Constraints alter the probability distribution of the available alternatives. They make a system diverge from chance, randomness, or equiprobability. Lila Gatlin calls constraints that function in this manner context – free.
Once the probability that something will happen depends on and is altered by the presence of something else, the two have become systematically and therefore internally related.
Because dissipative structures are not just dropped into either time or space the way Newtonian atoms with only primary qualities are, their evolutionary trajectory is therefore not predictable in detail.
… As a result, unlike the near-equilibrium processes of traditional thermodynamics, complex systems do not forget their initial conditions: they “carry their history on their backs” (Prigogine). Their origin constrains their trajectory.
Those aspects of the environment with which I am systematically interdependent are part of my external structure.
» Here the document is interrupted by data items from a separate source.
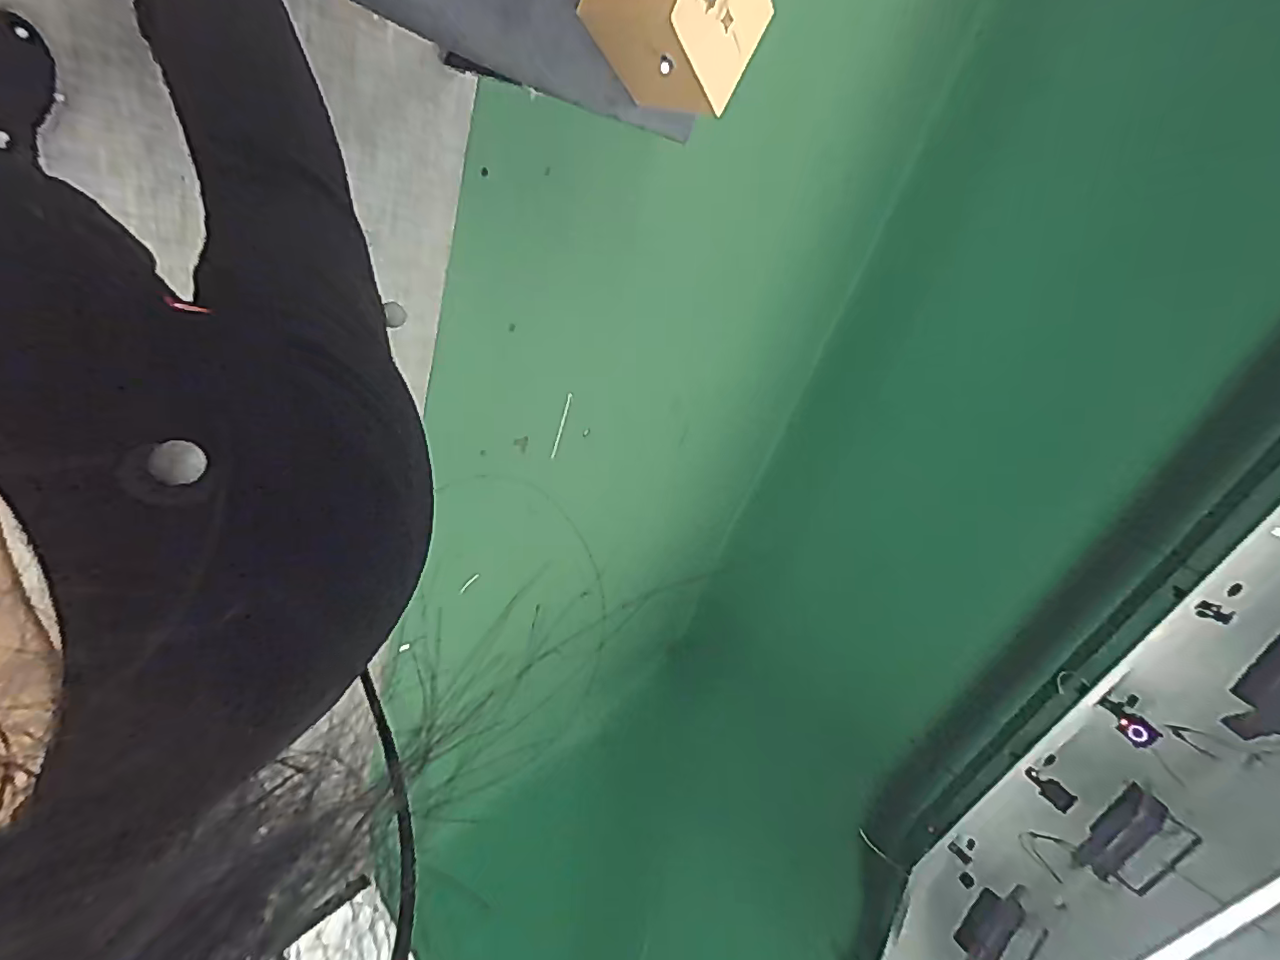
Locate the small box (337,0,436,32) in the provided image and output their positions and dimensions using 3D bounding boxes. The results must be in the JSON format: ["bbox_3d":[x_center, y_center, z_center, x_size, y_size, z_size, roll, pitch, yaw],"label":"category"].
[{"bbox_3d":[-0.513,-1.018,1.054,0.168,0.176,0.179,-21,138,-46],"label":"small box"}]

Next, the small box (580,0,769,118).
[{"bbox_3d":[0.047,-0.650,0.755,0.179,0.176,0.168,17,104,-59],"label":"small box"}]
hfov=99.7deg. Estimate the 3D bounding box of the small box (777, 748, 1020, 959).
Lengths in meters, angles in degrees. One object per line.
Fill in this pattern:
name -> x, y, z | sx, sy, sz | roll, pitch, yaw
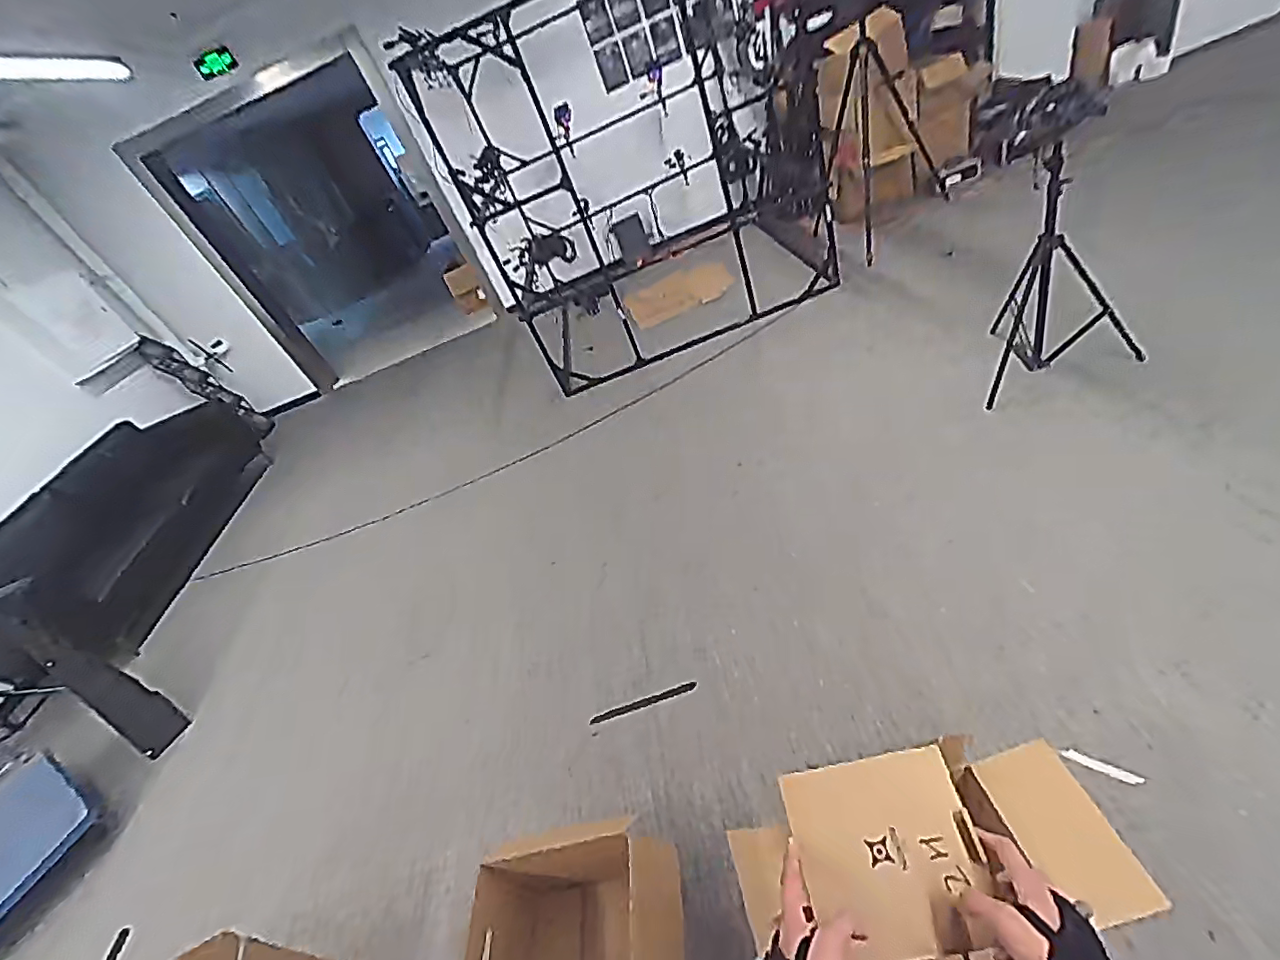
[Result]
small box -> 0.259, 0.410, 0.592 | 0.179, 0.176, 0.168 | -13, 54, 4
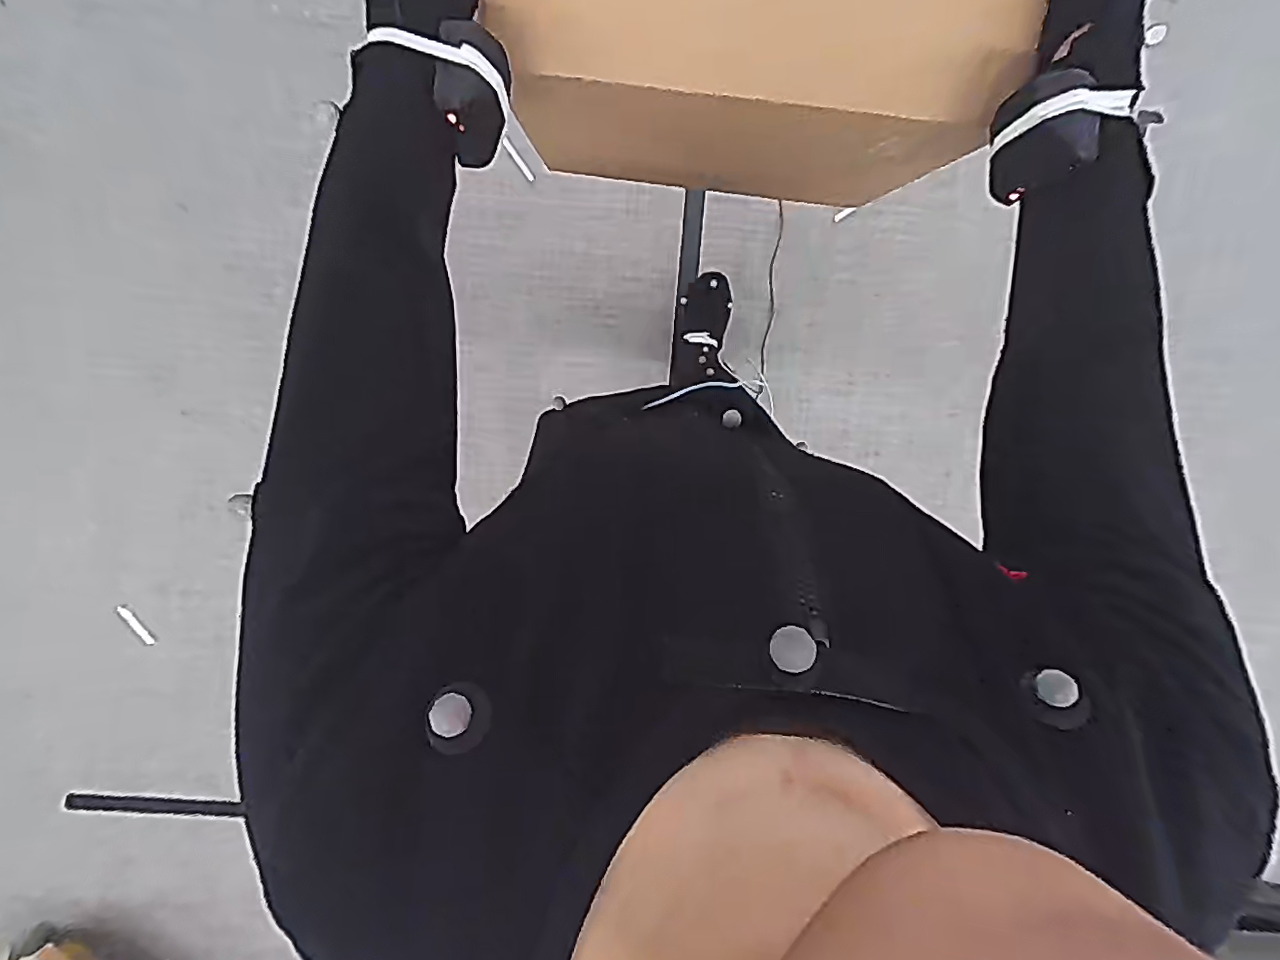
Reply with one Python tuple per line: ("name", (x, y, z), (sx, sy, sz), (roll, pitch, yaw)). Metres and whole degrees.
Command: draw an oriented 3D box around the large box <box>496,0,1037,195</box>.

As both a biological and social entity, I extend into the world and am embedded in it (the point that both logical and experimental behaviorism missed).
As distributed wholes, complex adaptive systems are virtual governors that give orders to themselves – qua thing, not qua other.
The constraints that wholes impose on their parts are restrictive insofar as they reduce the number of ways in which the parts can be arranged, and conservative in the sense that they are in the service of the whole.
Attractors represent a dynamical system’s organization, including its external structure or boundary conditions.
Attractors provide evidence that the system’s overall organization constrains available alternatives (Brooks and Wiley) such that its behavior is characteristically drawn to certain patterns.
Complex dynamical systems like you and me, however, have an indefinitely large number of properties. Representing each by an axis in state space requires an unvisualizable graph with an astronomical number of dimensions.
Complex systems are often characterized by strange attractors. The strange attractors of seemingly “chaotic” phenomena are therefore often not chaotic at all. Such intricate behaviour patterns are evidence of highly complex, context-dependent dynamic organization.
If a system accessed every point or region in its phase space with the same frequency as every other (that is, randomly), its ontogenetic landscape would be smooth and flat.
A completely flat, smooth initial landscape would portray an object with no propensities or dispositions – that is, with no attractors. It would describe a “system” with no identity, a logical impossibility.
The effects of constraints can therefore be represented as a probability landscape like
Since a system’s external structure can recalibrate its internal dynamics, probability landscapes also incorporate the role of the environment in which a system is embedded.
Since a system’s prior experience constrains its behavior, that history, too, is embodied in its ontogenetic landscape.
The landscape of a dynamical system, by definition, is never static. Although it remains qualitatively the same between phase changes, it continually shifts in response to the system’s interactions with its environment.
When dramatic phase changes occur, the whole attractor regime completely reorganizes as the system undergoes a bifurcation.
Contour of the entire landscape reconfigures in a phase-change bifurcation. The metamorphoses of tadpoles into frogs or caterpillars into butterflies mark such a qualitative transition.